A case conversion rule storage means for storing a rule for converting a dependency state between a predicate or behavioral noun and other words or word attributes into a case relationship between the predicate or behavioral noun and other words;
Applying a rule for converting the dependency state of the text and the case relationship of the case conversion rule storage means, and converting the input text into a term structure of a predicate and a behavioral noun, and outputting the case conversion means,
A language processing method for outputting a term structure of a predicate or a behavioral noun in an input text,
Entering text and text dependency status;
Applying the case conversion rules stored in the case conversion rule storage means to the predicate or behavioral noun in the text according to the dependency state of the text, and converting to a term structure by the case conversion means;
Outputting a term structure for the predicate or behavioral noun obtained in the above step;
A language processing method comprising:

The case conversion rule is:
Generated by machine learning from text with correct case relationship and dependency status,
The language processing method according to claim 8.

The dependency state is
About the semantic main part of the phrase, it is the information about the main part and the main part
The language processing method according to claim 8 or 9, wherein

The dependency state is
For the semantic headings of clauses, the information of the annexes to the source and destination headings and semantic headings, the part of speech of the semantic head or the semantic category of the semantic head, the predicate or behavioral noun, the semantic attribute or modifier Or information on the genre or category to which the word or text appears in the same text,
The language processing method according to claim 8 or 9, wherein

The case conversion rule is:
A step of parsing a text to be analyzed described in a natural language in which a term structure is given to a predicate or a behavioral noun, and analyzing a dependency set between clause sets and clauses;
A main part specifying unit specifying a semantic main part for each phrase from the words determined as independent words in the phrase by the syntactic analysis unit, and creating a main part table;
A dependency relationship analysis unit between the heads adds a dependency clause of the clause for each clause of the head table, and adds, to the head table, an ancillary word that follows in the clause to which the head belongs,
The case conversion rule learning unit extracts, from the term structure of the predicate or behavioral noun assigned to the text, the required surface case for the basic form of the predicate and behavioral noun and the phrase to which each word belongs, and the term structure correct answer A table is created, and each clause of the term structure correct answer table is converted to a head with reference to the head table, and the dependency relationship of clauses in the input text corresponding to the required case of each predicate and action noun is The step of adding to the term structure correct answer table and the case conversion rule output unit are generated from the step of outputting the obtained predicate and the behavioral noun as a case conversion rule.
The language processing method according to claim 8.

A further thesaurus
The case conversion rule learning unit searches the thesaurus and extracts a high-level concept of a word in the term structure correct answer table, and then creates a rule that replaces the extracted word with the original word, The language processing method according to claim 12, wherein the language processing method is added to a term structure correct answer table.

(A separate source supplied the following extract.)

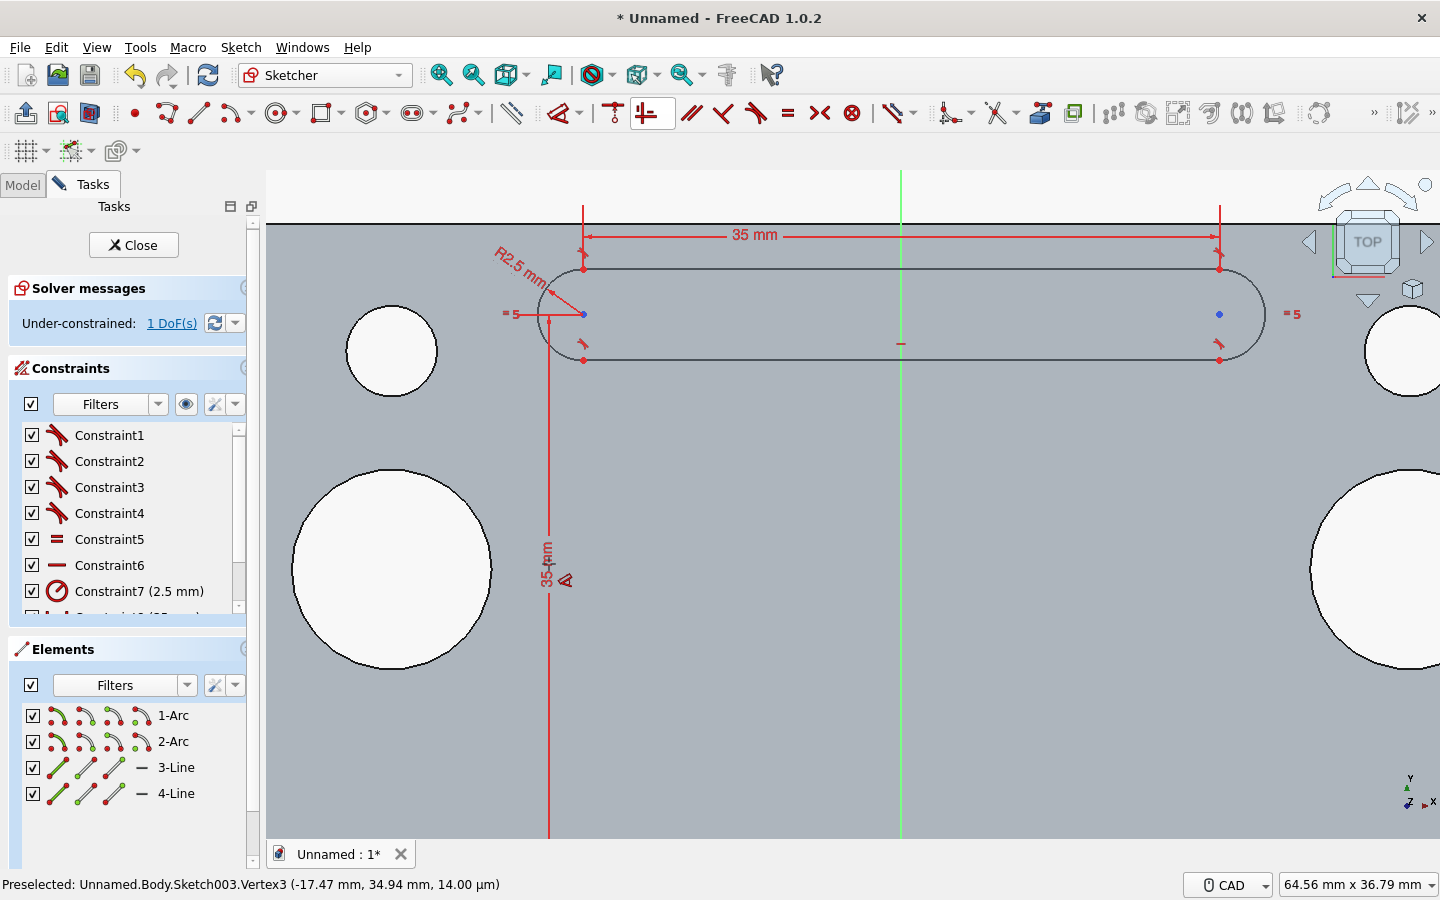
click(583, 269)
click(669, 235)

13. The language processing method according to claim 12, wherein the case conversion rule learning unit learns a case conversion rule by machine learning of a correct case conversion rule described in the term structure correct answer table.

A language processing program for causing a computer to function as each unit in the language processing apparatus according to claim 1.

A computer-readable recording medium on which the language processing program according to claim 15 is recorded.